DATA SUPPLIED:
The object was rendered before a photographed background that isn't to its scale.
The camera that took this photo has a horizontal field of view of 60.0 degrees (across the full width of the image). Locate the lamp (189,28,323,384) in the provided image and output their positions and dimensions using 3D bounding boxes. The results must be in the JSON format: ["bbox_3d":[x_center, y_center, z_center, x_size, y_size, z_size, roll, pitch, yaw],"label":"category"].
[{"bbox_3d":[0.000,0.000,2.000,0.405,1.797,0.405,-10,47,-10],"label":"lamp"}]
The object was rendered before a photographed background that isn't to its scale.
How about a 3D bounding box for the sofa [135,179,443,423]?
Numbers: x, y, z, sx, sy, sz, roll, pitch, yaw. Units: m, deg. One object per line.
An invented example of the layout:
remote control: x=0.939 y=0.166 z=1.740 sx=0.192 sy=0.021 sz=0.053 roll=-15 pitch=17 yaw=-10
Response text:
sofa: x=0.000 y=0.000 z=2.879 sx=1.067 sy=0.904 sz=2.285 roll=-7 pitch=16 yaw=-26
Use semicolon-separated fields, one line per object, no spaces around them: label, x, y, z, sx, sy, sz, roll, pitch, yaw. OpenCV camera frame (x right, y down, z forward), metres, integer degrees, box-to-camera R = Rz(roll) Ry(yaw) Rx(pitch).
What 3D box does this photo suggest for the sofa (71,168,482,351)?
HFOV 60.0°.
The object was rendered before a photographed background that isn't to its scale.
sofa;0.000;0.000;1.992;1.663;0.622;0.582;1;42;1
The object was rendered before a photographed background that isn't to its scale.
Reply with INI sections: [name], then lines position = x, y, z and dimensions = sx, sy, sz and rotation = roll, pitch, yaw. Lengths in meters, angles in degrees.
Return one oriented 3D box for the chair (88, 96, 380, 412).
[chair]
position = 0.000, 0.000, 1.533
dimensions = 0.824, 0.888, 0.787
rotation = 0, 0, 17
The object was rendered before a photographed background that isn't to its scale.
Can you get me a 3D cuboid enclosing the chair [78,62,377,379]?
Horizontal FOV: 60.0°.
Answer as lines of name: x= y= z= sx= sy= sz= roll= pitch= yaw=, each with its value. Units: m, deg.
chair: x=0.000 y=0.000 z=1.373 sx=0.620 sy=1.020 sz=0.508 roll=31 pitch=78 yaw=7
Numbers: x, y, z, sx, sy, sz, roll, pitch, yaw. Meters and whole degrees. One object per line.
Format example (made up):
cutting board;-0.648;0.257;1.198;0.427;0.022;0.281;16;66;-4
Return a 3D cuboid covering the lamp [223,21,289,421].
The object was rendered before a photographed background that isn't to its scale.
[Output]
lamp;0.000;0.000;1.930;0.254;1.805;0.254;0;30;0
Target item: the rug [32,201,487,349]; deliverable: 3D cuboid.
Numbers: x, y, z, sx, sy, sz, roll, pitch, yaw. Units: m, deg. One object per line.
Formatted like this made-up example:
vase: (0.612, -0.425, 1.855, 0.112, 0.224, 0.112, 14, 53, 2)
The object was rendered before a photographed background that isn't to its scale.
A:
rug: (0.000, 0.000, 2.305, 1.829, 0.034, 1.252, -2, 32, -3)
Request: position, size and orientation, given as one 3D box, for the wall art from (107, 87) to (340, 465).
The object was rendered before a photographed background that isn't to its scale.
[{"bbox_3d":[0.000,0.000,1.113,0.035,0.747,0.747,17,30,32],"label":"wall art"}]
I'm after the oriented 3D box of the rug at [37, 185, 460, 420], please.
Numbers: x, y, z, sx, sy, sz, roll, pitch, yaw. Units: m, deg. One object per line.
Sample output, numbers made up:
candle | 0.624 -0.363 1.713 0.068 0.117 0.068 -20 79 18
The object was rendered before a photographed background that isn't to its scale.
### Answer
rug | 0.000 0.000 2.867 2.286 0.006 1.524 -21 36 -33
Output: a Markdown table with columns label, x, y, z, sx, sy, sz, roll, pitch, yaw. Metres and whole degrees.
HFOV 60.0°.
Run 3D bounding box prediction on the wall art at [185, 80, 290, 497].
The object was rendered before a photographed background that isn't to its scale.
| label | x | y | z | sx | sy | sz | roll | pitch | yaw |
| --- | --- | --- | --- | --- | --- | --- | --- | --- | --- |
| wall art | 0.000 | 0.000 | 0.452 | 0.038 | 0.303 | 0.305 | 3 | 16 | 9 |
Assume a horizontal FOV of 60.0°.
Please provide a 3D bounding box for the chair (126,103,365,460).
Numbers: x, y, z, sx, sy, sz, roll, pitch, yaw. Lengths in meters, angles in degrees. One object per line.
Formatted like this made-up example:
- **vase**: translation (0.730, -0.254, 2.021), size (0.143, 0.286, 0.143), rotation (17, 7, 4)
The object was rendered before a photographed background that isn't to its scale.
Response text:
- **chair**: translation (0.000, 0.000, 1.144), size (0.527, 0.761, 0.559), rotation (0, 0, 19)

WHAT THE EXERCISE ASKS: Repeat all of the records verbatim, leaving nothing out.

SOLVED EXERCISE:
The object was rendered before a photographed background that isn't to its scale.
The camera that took this photo has a horizontal field of view of 60.0 degrees (across the full width of the image). Locate the lamp (189,28,323,384) in the provided image and output their positions and dimensions using 3D bounding boxes. The results must be in the JSON format: ["bbox_3d":[x_center, y_center, z_center, x_size, y_size, z_size, roll, pitch, yaw],"label":"category"].
[{"bbox_3d":[0.000,0.000,2.000,0.405,1.797,0.405,-10,47,-10],"label":"lamp"}]
The object was rendered before a photographed background that isn't to its scale.
How about a 3D bounding box for the sofa [135,179,443,423]?
Numbers: x, y, z, sx, sy, sz, roll, pitch, yaw. Units: m, deg. One object per line.
An invented example of the layout:
remote control: x=0.939 y=0.166 z=1.740 sx=0.192 sy=0.021 sz=0.053 roll=-15 pitch=17 yaw=-10
Response text:
sofa: x=0.000 y=0.000 z=2.879 sx=1.067 sy=0.904 sz=2.285 roll=-7 pitch=16 yaw=-26
Use semicolon-separated fields, one line per object, no spaces around them: label, x, y, z, sx, sy, sz, roll, pitch, yaw. OpenCV camera frame (x right, y down, z forward), metres, integer degrees, box-to-camera R = Rz(roll) Ry(yaw) Rx(pitch).
What 3D box does this photo suggest for the sofa (71,168,482,351)?
HFOV 60.0°.
The object was rendered before a photographed background that isn't to its scale.
sofa;0.000;0.000;1.992;1.663;0.622;0.582;1;42;1
The object was rendered before a photographed background that isn't to its scale.
Reply with INI sections: [name], then lines position = x, y, z and dimensions = sx, sy, sz and rotation = roll, pitch, yaw. Lengths in meters, angles in degrees.
Return one oriented 3D box for the chair (88, 96, 380, 412).
[chair]
position = 0.000, 0.000, 1.533
dimensions = 0.824, 0.888, 0.787
rotation = 0, 0, 17
The object was rendered before a photographed background that isn't to its scale.
Can you get me a 3D cuboid enclosing the chair [78,62,377,379]?
Horizontal FOV: 60.0°.
Answer as lines of name: x= y= z= sx= sy= sz= roll= pitch= yaw=, each with its value. Units: m, deg.
chair: x=0.000 y=0.000 z=1.373 sx=0.620 sy=1.020 sz=0.508 roll=31 pitch=78 yaw=7
Numbers: x, y, z, sx, sy, sz, roll, pitch, yaw. Meters and whole degrees. One object per line.
Format example (made up):
cutting board;-0.648;0.257;1.198;0.427;0.022;0.281;16;66;-4
Return a 3D cuboid covering the lamp [223,21,289,421].
The object was rendered before a photographed background that isn't to its scale.
[Output]
lamp;0.000;0.000;1.930;0.254;1.805;0.254;0;30;0
Target item: the rug [32,201,487,349]; deliverable: 3D cuboid.
Numbers: x, y, z, sx, sy, sz, roll, pitch, yaw. Units: m, deg. One object per line.
Formatted like this made-up example:
vase: (0.612, -0.425, 1.855, 0.112, 0.224, 0.112, 14, 53, 2)
The object was rendered before a photographed background that isn't to its scale.
A:
rug: (0.000, 0.000, 2.305, 1.829, 0.034, 1.252, -2, 32, -3)
Request: position, size and orientation, given as one 3D box, for the wall art from (107, 87) to (340, 465).
The object was rendered before a photographed background that isn't to its scale.
[{"bbox_3d":[0.000,0.000,1.113,0.035,0.747,0.747,17,30,32],"label":"wall art"}]
I'm after the oriented 3D box of the rug at [37, 185, 460, 420], please.
Numbers: x, y, z, sx, sy, sz, roll, pitch, yaw. Units: m, deg. One object per line.
Sample output, numbers made up:
candle | 0.624 -0.363 1.713 0.068 0.117 0.068 -20 79 18
The object was rendered before a photographed background that isn't to its scale.
### Answer
rug | 0.000 0.000 2.867 2.286 0.006 1.524 -21 36 -33
Output: a Markdown table with columns label, x, y, z, sx, sy, sz, roll, pitch, yaw. Metres and whole degrees.
HFOV 60.0°.
Run 3D bounding box prediction on the wall art at [185, 80, 290, 497].
The object was rendered before a photographed background that isn't to its scale.
| label | x | y | z | sx | sy | sz | roll | pitch | yaw |
| --- | --- | --- | --- | --- | --- | --- | --- | --- | --- |
| wall art | 0.000 | 0.000 | 0.452 | 0.038 | 0.303 | 0.305 | 3 | 16 | 9 |
Assume a horizontal FOV of 60.0°.
Please provide a 3D bounding box for the chair (126,103,365,460).
Numbers: x, y, z, sx, sy, sz, roll, pitch, yaw. Lengths in meters, angles in degrees. One object per line.
Formatted like this made-up example:
- **vase**: translation (0.730, -0.254, 2.021), size (0.143, 0.286, 0.143), rotation (17, 7, 4)
The object was rendered before a photographed background that isn't to its scale.
Response text:
- **chair**: translation (0.000, 0.000, 1.144), size (0.527, 0.761, 0.559), rotation (0, 0, 19)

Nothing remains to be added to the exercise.